## Wednesday, January 8, 2014

### Empirical Bayes and shrinkage

One thing I did not mention in my last post is that empirical Bayes is fundamentally a shrinkage approach.

Shrinkage relates to the idea that you can improve an estimator by combining it with other information. In the example of the last post, when the population parameters are not known, estimating allele frequencies at a given locus can be improved by pooling similar problems (other unlinked loci), so as to estimate the population parameters across loci, and then use this information about the population for the estimation at each locus.

Shrinkage entails some tradeoff: you get better properties averaged over the group, at the expense of good frequentist properties for each item. The tradeoff is thus between point-wise and group-wise frequentist properties.

There is an interesting story about Stein's paradox, shrinkage and empirical Bayes (see Brad Efron and Carl Morris on the subject, references below).

In brief, here is the idea.

Suppose that we observe $X$, normally distributed of unknown mean $\theta$ and known variance $\sigma^2$: $X\sim N(\theta, \sigma^2)$. We want to estimate $\theta$. Obviously, $\hat \theta = X$ is our best estimator.

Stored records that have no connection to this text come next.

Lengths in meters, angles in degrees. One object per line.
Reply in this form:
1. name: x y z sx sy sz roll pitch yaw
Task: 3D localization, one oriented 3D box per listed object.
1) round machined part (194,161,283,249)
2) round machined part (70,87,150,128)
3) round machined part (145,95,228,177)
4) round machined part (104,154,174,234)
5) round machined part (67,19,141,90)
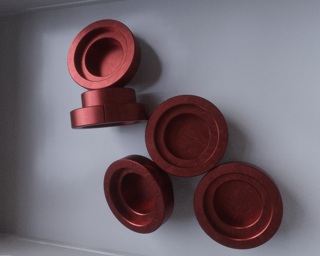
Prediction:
1. round machined part: 0.093 0.088 0.368 0.098 0.042 0.097 1 92 18
2. round machined part: -0.063 -0.025 0.393 0.098 0.098 0.042 -7 88 19
3. round machined part: 0.034 0.011 0.383 0.098 0.042 0.097 -1 83 11
4. round machined part: -0.022 0.080 0.397 0.098 0.042 0.097 11 109 33
5. round machined part: -0.071 -0.092 0.419 0.098 0.042 0.098 -4 77 18
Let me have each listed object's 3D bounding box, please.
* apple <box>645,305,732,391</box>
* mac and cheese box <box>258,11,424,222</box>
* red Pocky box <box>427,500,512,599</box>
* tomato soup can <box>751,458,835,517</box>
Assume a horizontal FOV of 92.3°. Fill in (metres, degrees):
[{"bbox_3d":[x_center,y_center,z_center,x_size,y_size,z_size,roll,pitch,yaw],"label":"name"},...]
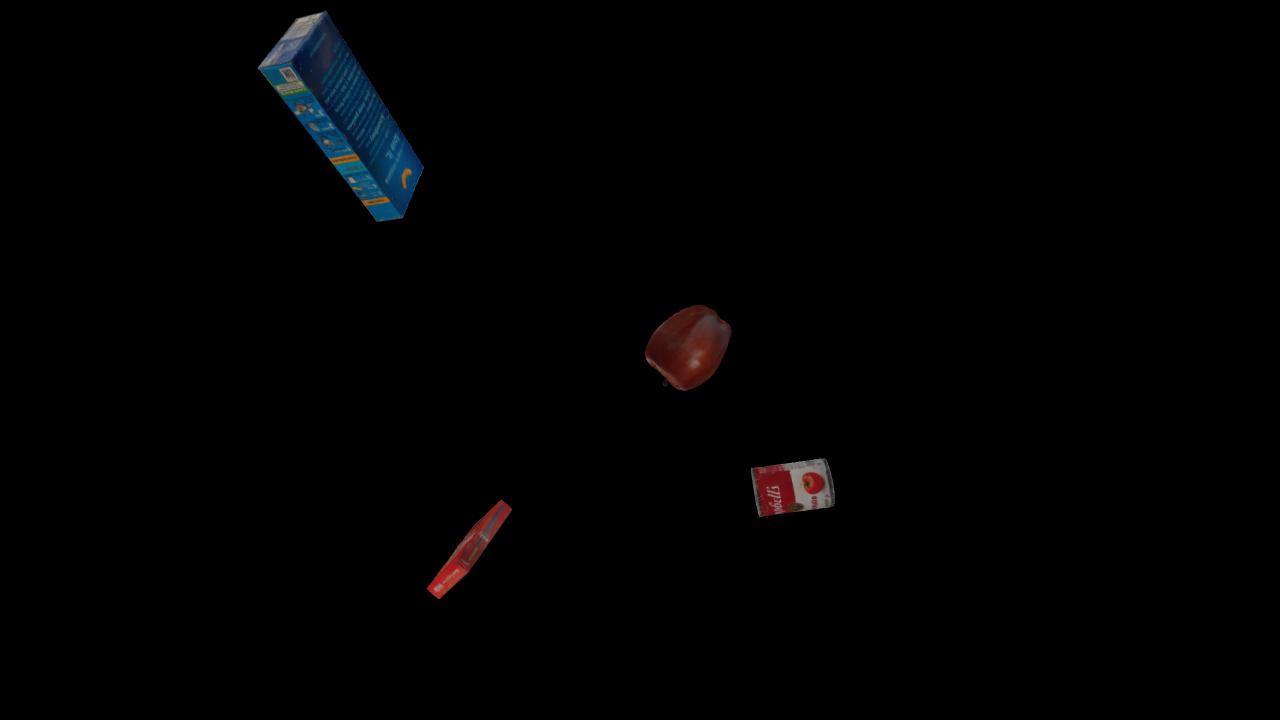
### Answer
[{"bbox_3d":[0.052,-0.011,0.644,0.079,0.093,0.079,39,2,-2],"label":"apple"},{"bbox_3d":[-0.295,-0.242,0.633,0.041,0.093,0.184,-6,-36,12],"label":"mac and cheese box"},{"bbox_3d":[-0.255,0.283,0.934,0.083,0.028,0.155,-43,7,24],"label":"red Pocky box"},{"bbox_3d":[0.207,0.173,0.838,0.101,0.068,0.068,-9,-1,5],"label":"tomato soup can"}]
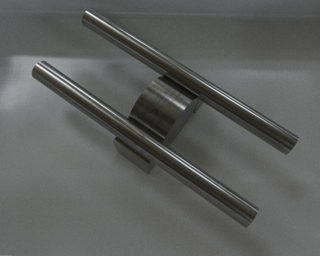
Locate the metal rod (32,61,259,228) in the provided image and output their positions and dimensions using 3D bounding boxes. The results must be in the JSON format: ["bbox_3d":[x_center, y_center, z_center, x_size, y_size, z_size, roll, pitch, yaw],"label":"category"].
[{"bbox_3d":[-0.026,0.011,0.352,0.300,0.025,0.025,34,73,11],"label":"metal rod"}]

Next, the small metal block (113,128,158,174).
[{"bbox_3d":[-0.028,0.028,0.384,0.050,0.050,0.025,35,74,11],"label":"small metal block"}]

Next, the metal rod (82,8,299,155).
[{"bbox_3d":[0.028,-0.063,0.378,0.300,0.025,0.025,34,73,11],"label":"metal rod"}]

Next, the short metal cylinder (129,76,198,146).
[{"bbox_3d":[0.004,-0.017,0.385,0.050,0.080,0.080,35,74,11],"label":"short metal cylinder"}]

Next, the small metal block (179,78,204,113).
[{"bbox_3d":[0.035,-0.052,0.414,0.050,0.050,0.025,35,74,11],"label":"small metal block"}]
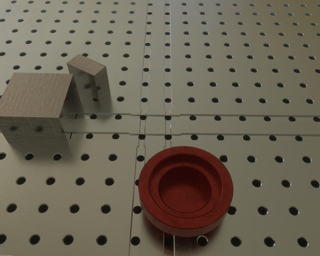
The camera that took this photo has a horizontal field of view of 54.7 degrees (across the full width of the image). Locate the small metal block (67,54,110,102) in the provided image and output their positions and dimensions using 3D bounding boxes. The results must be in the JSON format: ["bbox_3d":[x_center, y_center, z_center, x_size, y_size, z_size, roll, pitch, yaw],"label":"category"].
[{"bbox_3d":[-0.103,-0.073,0.451,0.050,0.050,0.025,26,55,20],"label":"small metal block"}]

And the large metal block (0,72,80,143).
[{"bbox_3d":[-0.159,-0.028,0.413,0.081,0.050,0.080,1,50,1],"label":"large metal block"}]

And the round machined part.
[{"bbox_3d":[0.027,0.071,0.338,0.099,0.042,0.098,0,50,0],"label":"round machined part"}]
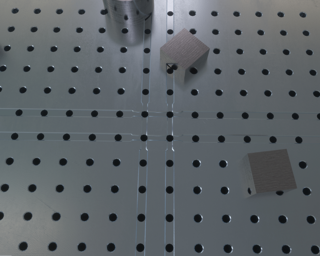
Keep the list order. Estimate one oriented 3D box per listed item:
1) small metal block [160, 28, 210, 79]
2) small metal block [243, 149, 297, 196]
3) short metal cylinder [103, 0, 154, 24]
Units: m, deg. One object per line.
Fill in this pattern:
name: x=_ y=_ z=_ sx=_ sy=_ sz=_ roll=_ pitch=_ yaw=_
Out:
small metal block: x=0.036 y=-0.109 z=0.452 sx=0.050 sy=0.025 sz=0.050 roll=-43 pitch=76 yaw=-14
small metal block: x=0.138 y=0.056 z=0.392 sx=0.050 sy=0.025 sz=0.050 roll=-6 pitch=70 yaw=-3
short metal cylinder: x=-0.050 y=-0.208 z=0.474 sx=0.081 sy=0.050 sz=0.080 roll=0 pitch=70 yaw=0
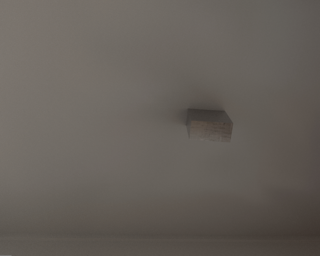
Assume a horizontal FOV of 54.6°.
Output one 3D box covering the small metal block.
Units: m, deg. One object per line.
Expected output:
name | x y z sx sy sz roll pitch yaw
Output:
small metal block | 0.062 -0.004 0.397 0.050 0.050 0.025 4 110 -2
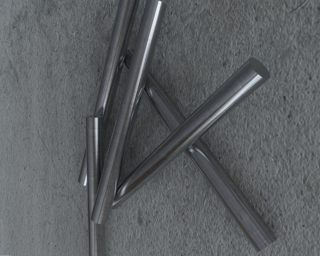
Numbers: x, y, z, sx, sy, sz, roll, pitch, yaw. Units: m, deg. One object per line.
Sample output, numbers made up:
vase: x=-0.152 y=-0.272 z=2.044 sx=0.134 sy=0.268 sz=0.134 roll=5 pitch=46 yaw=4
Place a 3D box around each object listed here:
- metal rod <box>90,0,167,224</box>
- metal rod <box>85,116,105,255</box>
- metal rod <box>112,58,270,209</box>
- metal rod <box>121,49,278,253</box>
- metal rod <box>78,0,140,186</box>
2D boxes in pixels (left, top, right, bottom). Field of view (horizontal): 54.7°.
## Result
metal rod: x=-0.044 y=-0.013 z=0.406 sx=0.025 sy=0.025 sz=0.298 roll=25 pitch=104 yaw=37
metal rod: x=-0.094 y=0.130 z=0.459 sx=0.025 sy=0.025 sz=0.298 roll=10 pitch=104 yaw=39
metal rod: x=0.008 y=0.029 z=0.368 sx=0.298 sy=0.025 sz=0.025 roll=-46 pitch=63 yaw=40
metal rod: x=0.032 y=0.008 z=0.378 sx=0.025 sy=0.025 sz=0.299 roll=-50 pitch=61 yaw=28
metal rod: x=-0.078 y=-0.043 z=0.446 sx=0.025 sy=0.025 sz=0.298 roll=36 pitch=119 yaw=34
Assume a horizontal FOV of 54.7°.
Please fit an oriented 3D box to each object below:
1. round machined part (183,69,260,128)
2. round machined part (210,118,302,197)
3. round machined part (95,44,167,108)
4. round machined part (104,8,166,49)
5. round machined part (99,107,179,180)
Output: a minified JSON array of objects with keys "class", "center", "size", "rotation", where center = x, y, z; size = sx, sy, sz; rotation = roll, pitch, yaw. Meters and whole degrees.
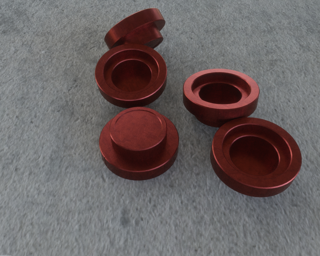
[{"class":"round machined part","center":[0.080,-0.037,0.418],"size":[0.099,0.042,0.098],"rotation":[-2,40,2]},{"class":"round machined part","center":[0.108,0.037,0.362],"size":[0.099,0.042,0.098],"rotation":[0,50,0]},{"class":"round machined part","center":[-0.039,-0.069,0.441],"size":[0.099,0.042,0.098],"rotation":[0,63,0]},{"class":"round machined part","center":[-0.034,-0.142,0.487],"size":[0.099,0.098,0.042],"rotation":[-29,92,-23]},{"class":"round machined part","center":[-0.026,0.012,0.382],"size":[0.099,0.042,0.098],"rotation":[0,50,0]}]
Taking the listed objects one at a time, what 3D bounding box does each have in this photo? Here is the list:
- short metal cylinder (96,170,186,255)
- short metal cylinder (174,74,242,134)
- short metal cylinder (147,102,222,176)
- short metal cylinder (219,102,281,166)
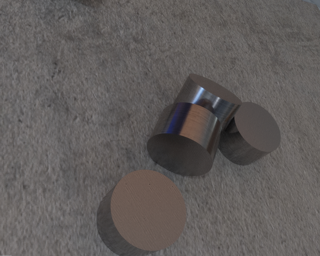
[{"bbox_3d":[-0.020,0.090,0.323,0.081,0.050,0.080,14,56,-21],"label":"short metal cylinder"},{"bbox_3d":[0.063,-0.032,0.422,0.080,0.050,0.080,24,22,-10],"label":"short metal cylinder"},{"bbox_3d":[0.031,0.015,0.377,0.080,0.080,0.050,31,53,-9],"label":"short metal cylinder"},{"bbox_3d":[0.127,0.009,0.453,0.081,0.050,0.080,14,56,-21],"label":"short metal cylinder"}]
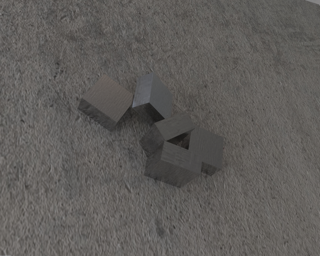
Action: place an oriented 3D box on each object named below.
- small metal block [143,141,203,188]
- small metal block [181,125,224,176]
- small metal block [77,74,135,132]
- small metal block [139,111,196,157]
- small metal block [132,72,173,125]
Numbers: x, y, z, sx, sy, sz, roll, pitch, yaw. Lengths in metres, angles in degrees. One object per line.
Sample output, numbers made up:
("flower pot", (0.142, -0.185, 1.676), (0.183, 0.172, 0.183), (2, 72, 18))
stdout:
("small metal block", (0.015, 0.045, 0.368), (0.050, 0.050, 0.025), (22, 54, -15))
("small metal block", (0.056, 0.030, 0.415), (0.050, 0.025, 0.050), (23, 53, -15))
("small metal block", (-0.065, -0.032, 0.388), (0.050, 0.025, 0.050), (36, 51, -5))
("small metal block", (0.008, 0.009, 0.387), (0.050, 0.050, 0.025), (-22, 74, -36))
("small metal block", (-0.008, -0.036, 0.406), (0.050, 0.025, 0.050), (45, 41, -43))
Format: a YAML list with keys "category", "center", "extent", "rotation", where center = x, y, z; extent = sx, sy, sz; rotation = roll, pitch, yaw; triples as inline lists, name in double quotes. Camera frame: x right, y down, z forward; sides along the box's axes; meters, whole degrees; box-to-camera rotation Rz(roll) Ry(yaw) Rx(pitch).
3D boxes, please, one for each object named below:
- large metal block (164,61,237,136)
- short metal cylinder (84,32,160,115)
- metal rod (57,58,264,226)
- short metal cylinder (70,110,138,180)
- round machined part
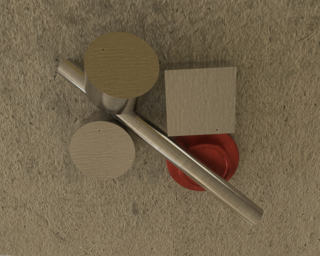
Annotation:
- category: "large metal block"
  center: [0.047, -0.038, 0.382]
  extent: [0.080, 0.050, 0.079]
  rotation: [-3, 110, 1]
- category: "short metal cylinder"
  center: [-0.046, -0.061, 0.355]
  extent: [0.081, 0.050, 0.080]
  rotation: [4, 72, -13]
- category: "metal rod"
  center: [0.000, 0.016, 0.381]
  extent: [0.300, 0.025, 0.025]
  rotation: [38, 106, 0]
- category: "short metal cylinder"
  center: [-0.071, 0.020, 0.405]
  extent: [0.081, 0.050, 0.079]
  rotation: [0, 110, 0]
- category: "round machined part"
  center: [0.058, 0.044, 0.418]
  extent: [0.099, 0.042, 0.097]
  rotation: [0, 110, 0]
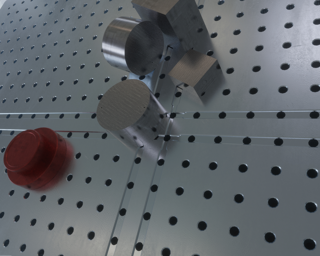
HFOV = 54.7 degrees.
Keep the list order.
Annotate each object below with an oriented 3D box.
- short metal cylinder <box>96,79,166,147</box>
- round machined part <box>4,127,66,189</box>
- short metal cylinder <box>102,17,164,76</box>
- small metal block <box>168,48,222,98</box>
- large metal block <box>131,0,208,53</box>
[{"bbox_3d":[-0.039,-0.020,0.425,0.080,0.050,0.080,-13,56,21],"label":"short metal cylinder"},{"bbox_3d":[-0.198,0.041,0.476,0.098,0.042,0.098,-13,56,21],"label":"round machined part"},{"bbox_3d":[-0.040,-0.125,0.470,0.050,0.080,0.080,25,75,37],"label":"short metal cylinder"},{"bbox_3d":[0.048,-0.077,0.430,0.050,0.025,0.050,34,81,38],"label":"small metal block"},{"bbox_3d":[0.015,-0.168,0.468,0.050,0.080,0.080,-49,51,-6],"label":"large metal block"}]
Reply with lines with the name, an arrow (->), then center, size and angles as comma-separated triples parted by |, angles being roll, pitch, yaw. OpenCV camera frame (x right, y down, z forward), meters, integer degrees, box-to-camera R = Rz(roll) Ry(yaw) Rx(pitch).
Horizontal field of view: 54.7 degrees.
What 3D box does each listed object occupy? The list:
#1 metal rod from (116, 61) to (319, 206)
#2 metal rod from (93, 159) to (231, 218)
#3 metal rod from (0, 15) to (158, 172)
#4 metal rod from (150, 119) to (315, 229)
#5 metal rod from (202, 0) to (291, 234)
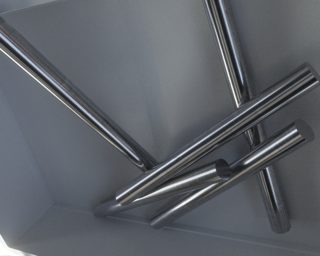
metal rod -> 0.042, 0.026, 0.363 | 0.025, 0.025, 0.299 | 48, 126, -6
metal rod -> -0.019, 0.098, 0.453 | 0.025, 0.025, 0.299 | 51, 136, -8
metal rod -> -0.079, -0.014, 0.364 | 0.025, 0.025, 0.300 | -14, 136, 34
metal rod -> 0.066, 0.078, 0.399 | 0.025, 0.025, 0.298 | 42, 136, -1
metal rod -> 0.105, -0.001, 0.352 | 0.025, 0.025, 0.299 | -9, 114, 32
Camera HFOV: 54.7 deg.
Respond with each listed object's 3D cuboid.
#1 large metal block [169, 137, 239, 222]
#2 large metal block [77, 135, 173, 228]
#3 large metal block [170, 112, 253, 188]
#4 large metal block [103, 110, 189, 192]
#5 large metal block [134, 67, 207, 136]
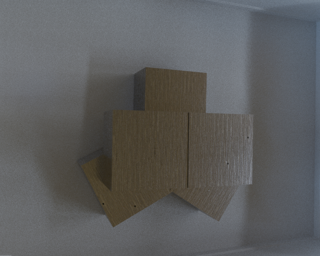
[{"bbox_3d":[0.057,0.064,0.415,0.080,0.050,0.080,36,79,-16],"label":"large metal block"},{"bbox_3d":[-0.044,0.059,0.379,0.081,0.050,0.080,-28,99,-18],"label":"large metal block"},{"bbox_3d":[0.059,0.024,0.363,0.081,0.050,0.080,1,90,-20],"label":"large metal block"},{"bbox_3d":[-0.017,0.022,0.336,0.081,0.050,0.080,1,90,-20],"label":"large metal block"},{"bbox_3d":[0.012,-0.031,0.400,0.081,0.050,0.080,2,90,-20],"label":"large metal block"}]
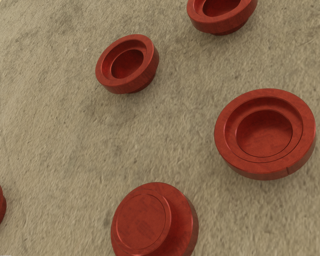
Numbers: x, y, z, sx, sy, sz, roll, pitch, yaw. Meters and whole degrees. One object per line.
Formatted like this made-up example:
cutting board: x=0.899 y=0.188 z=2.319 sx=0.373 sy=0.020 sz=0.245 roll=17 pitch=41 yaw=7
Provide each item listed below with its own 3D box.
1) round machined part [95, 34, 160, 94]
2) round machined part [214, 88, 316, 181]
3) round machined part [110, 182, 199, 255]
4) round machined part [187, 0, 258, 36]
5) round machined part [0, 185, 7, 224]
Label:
round machined part: x=-0.045 y=-0.092 z=0.471 sx=0.098 sy=0.042 sz=0.098 roll=-13 pitch=56 yaw=20
round machined part: x=0.111 y=0.010 z=0.328 sx=0.098 sy=0.042 sz=0.098 roll=-13 pitch=56 yaw=20
round machined part: x=-0.012 y=0.105 z=0.334 sx=0.098 sy=0.042 sz=0.098 roll=-13 pitch=56 yaw=20
round machined part: x=0.092 y=-0.174 z=0.451 sx=0.098 sy=0.042 sz=0.098 roll=-13 pitch=56 yaw=20
round machined part: x=-0.269 y=0.123 z=0.456 sx=0.098 sy=0.042 sz=0.098 roll=-13 pitch=56 yaw=20

Suppose now that we observe $X_i \sim N(\theta_i, \sigma^2)$, for $i=1..N$. We observe all of the $X_i$'s and want to estimate all of the $\theta_i$'s. Obviously, we can use $\hat \theta_i = X_i$ for each $i$ (since these are just independent copies of the same problem).

Stein's paradox basically says that, for $N \ge 3$, our joint estimation is inadmissible, in the sense that we can always do better in terms of mean quadratic error. We can do better, in particular, by shrinking toward the empirical mean of our observations, $\bar X$, e.g.

$\hat \theta_i = \bar X + \left( 1 - \frac{N-3}{N V} \sigma^2 \right) (X_i - \bar X)$

where $V = 1/N \sum_i (X_i - \bar X)^2$ is the empirical variance of the observations.

Stein's shrinkage estimator can in fact be seen as an empirical Bayes procedure, under the following two-level model:
$X_i \sim N(\theta_i, \sigma^2)$
$\theta_i \sim N(\mu, \tau^2)$

Thus, from a Bayesian perspective, Stein's estimator amounts to assuming that the $\theta_i$'s are themselves normally distributed, of unknown mean and variance. These unknown mean and variance are estimated by pooling observations and then used to shrink the estimation of each of the $\theta_i$'s.

Why should shrinkage work, given that our $\theta_i$'s are not assumed to be generated by some common mechanism? Somehow, the fact that there is no condition on the $\theta_i$'s seems to imply that we will improve our estimation even by pooling things that have absolutely nothing to do with each other (this is why it is called a paradox).

I think I still need to understand this point, but in any case, a key property of Stein's shrinkage estimator is this inverse dependence on the empirical variance of the observations, $V$. Which practically means that, if the $\theta_i$'s really have nothing to do with each other, then the variance $V$ will typically be large, in which case the shrinkage effect will essentially vanish: for large $V$, $\hat \theta_i \simeq X_i$. [PS: this is not really an explanation, though, more like a Bayesian interpretation of a mathematical result...]

In any case, what Stein's paradox implies is just that, at least for normal means of same known variance, if properly done, shrinkage never costs you anything (in terms of group-wise performance). Stein's estimator has optimal self-tuning properties -- at worst, if not relevant in the context of the problem of interest, shrinkage automatically fades out. However, this is true only for normal means of same known variance. For more complicated cases, it is a bit less obvious.

In practice, my feeling is that shrinkage is generally a good idea as long as we ensure good self-tuning properties for our shrinkage procedures. In fact, if you think about it, this is the whole point of Bayesian hierarchical priors: you can see them as sophisticated self-tuning devices trying to shrink the estimation in all possible directions -- across loci, across genes, across branches of the phylogeny, across quantitative traits, etc. They are self-tuning in the sense that, through their hyperparameters, they can detect and regulate the amount of shrinkage to impose on the estimation.

In a sense, the fundamental point of hierarchical Bayes is to push the idea of shrinkage as far as it can go -- and this, hopefully for the best. Conversely, however, all this also suggests that, once hierarchical priors have been proposed in the context of a particular estimation problem, then, ideally, the frequentist properties of the resulting shrinkage estimator should perhaps be more carefully assessed.

--

Brad Efron (2010). Large-scale inference: empirical Bayes methods for estimation, testing and prediction. (Institute of Mathematical Statistics Monographs). Cambridge University Press.

Efron, B. and Morris, C (1977). Stein's paradox in statistics. Scientific American

Efron, B. and Morris, C. (1973). Stein's estimation rule and its competitors -- an empirical Bayes approach. Journal of American Statistical Association, 68:117-130.